• What is being asked: Where an entry below contains an image, skip the image and reproduce the rest exactly.

• Material for this task:
========

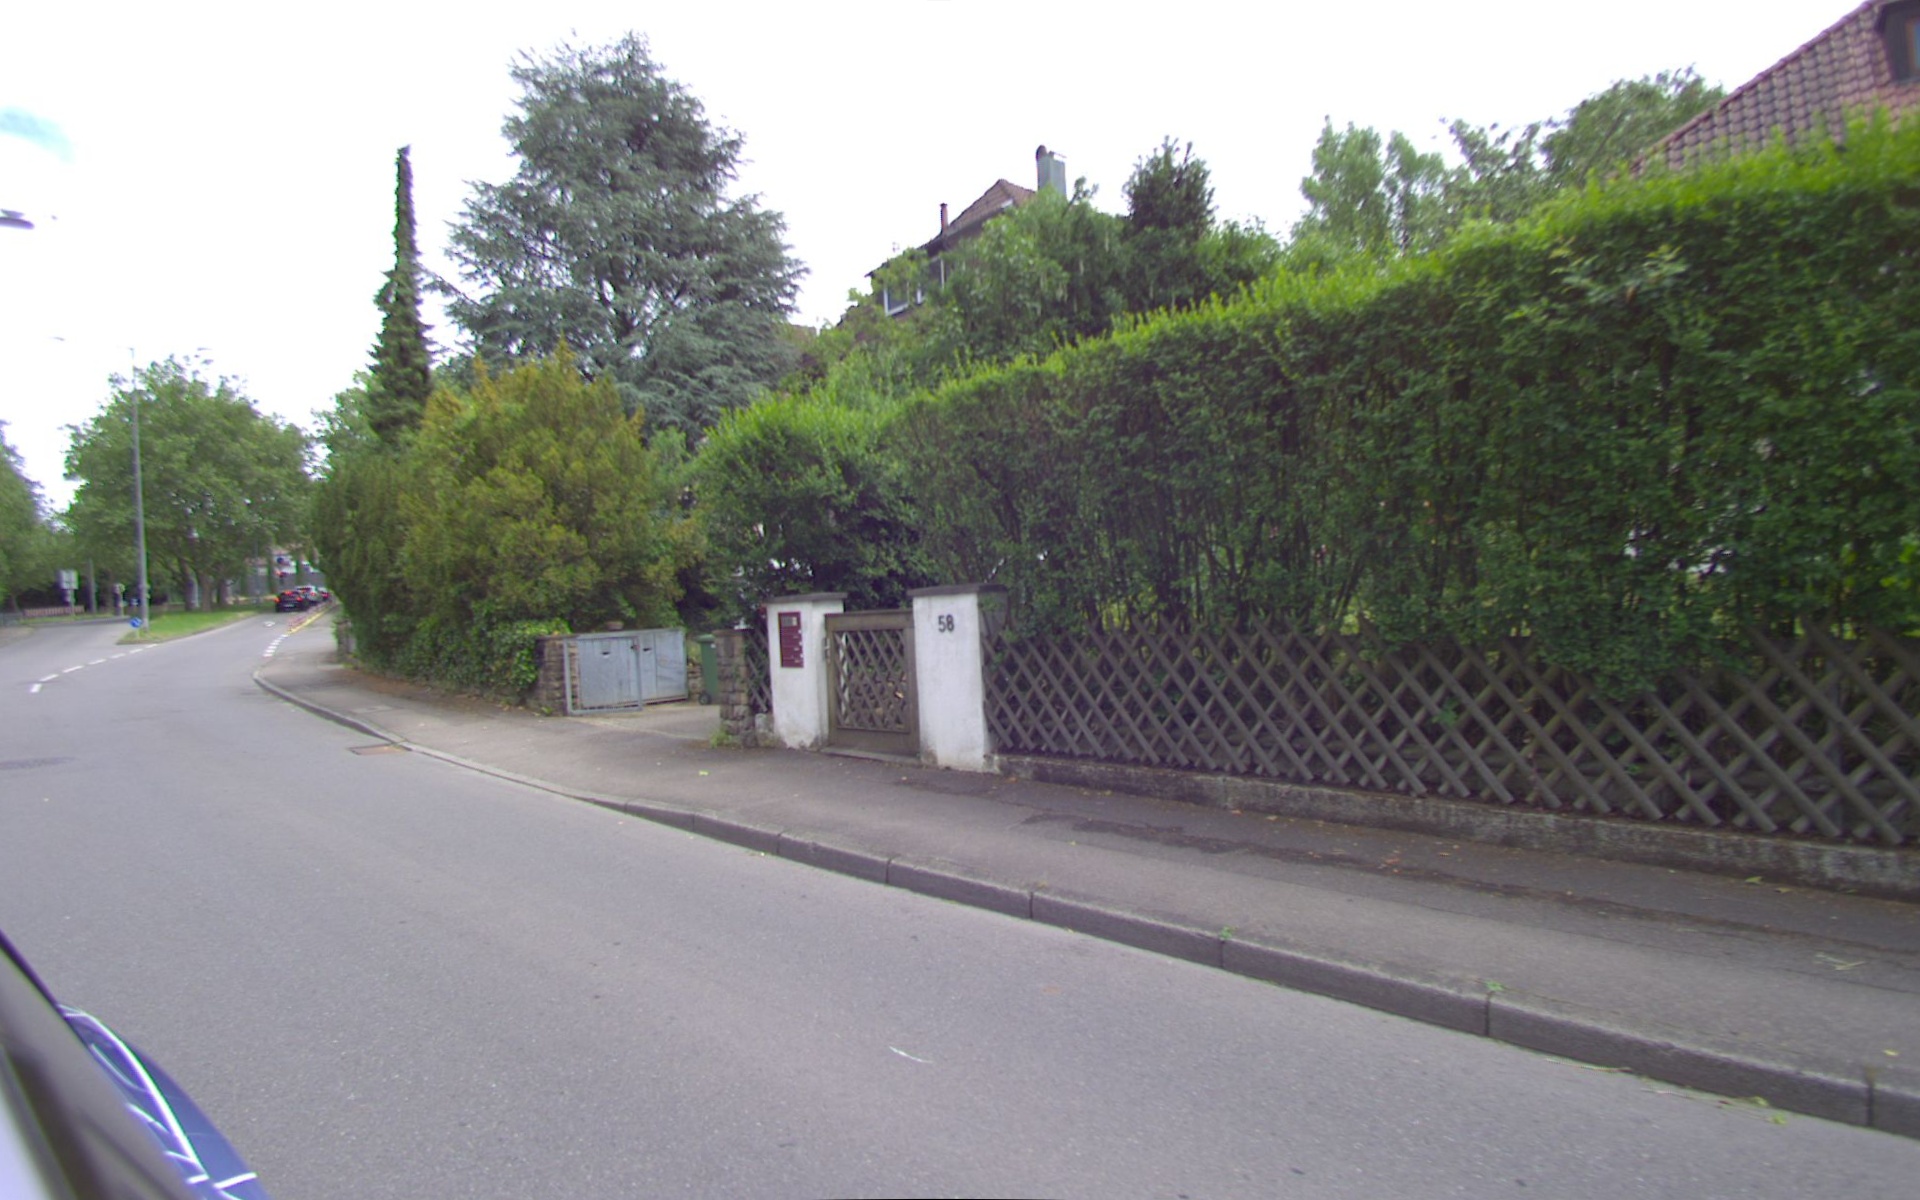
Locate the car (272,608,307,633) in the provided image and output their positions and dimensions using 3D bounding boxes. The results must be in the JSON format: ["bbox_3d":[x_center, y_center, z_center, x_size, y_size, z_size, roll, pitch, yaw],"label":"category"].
[{"bbox_3d":[-52.228,1.567,78.916,1.732,1.603,4.629,-4,4,-27],"label":"car"}]

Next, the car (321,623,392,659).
[{"bbox_3d":[-30.683,2.065,51.623,1.704,1.484,4.325,-2,2,-11],"label":"car"}]

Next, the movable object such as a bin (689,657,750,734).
[{"bbox_3d":[-3.642,1.440,15.363,0.613,1.096,0.655,-3,-1,17],"label":"movable object such as a bin"}]

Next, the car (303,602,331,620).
[{"bbox_3d":[-59.998,1.011,94.487,1.732,1.528,4.401,-4,2,-27],"label":"car"}]

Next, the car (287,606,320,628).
[{"bbox_3d":[-56.616,1.469,87.378,1.826,1.670,4.922,-4,0,-27],"label":"car"}]

========

• Exercise answer:
Locate the car (272,608,307,633) in the provided image and output their positions and dimensions using 3D bounding boxes. The results must be in the JSON format: ["bbox_3d":[x_center, y_center, z_center, x_size, y_size, z_size, roll, pitch, yaw],"label":"category"].
[{"bbox_3d":[-52.228,1.567,78.916,1.732,1.603,4.629,-4,4,-27],"label":"car"}]

Next, the car (321,623,392,659).
[{"bbox_3d":[-30.683,2.065,51.623,1.704,1.484,4.325,-2,2,-11],"label":"car"}]

Next, the movable object such as a bin (689,657,750,734).
[{"bbox_3d":[-3.642,1.440,15.363,0.613,1.096,0.655,-3,-1,17],"label":"movable object such as a bin"}]

Next, the car (303,602,331,620).
[{"bbox_3d":[-59.998,1.011,94.487,1.732,1.528,4.401,-4,2,-27],"label":"car"}]

Next, the car (287,606,320,628).
[{"bbox_3d":[-56.616,1.469,87.378,1.826,1.670,4.922,-4,0,-27],"label":"car"}]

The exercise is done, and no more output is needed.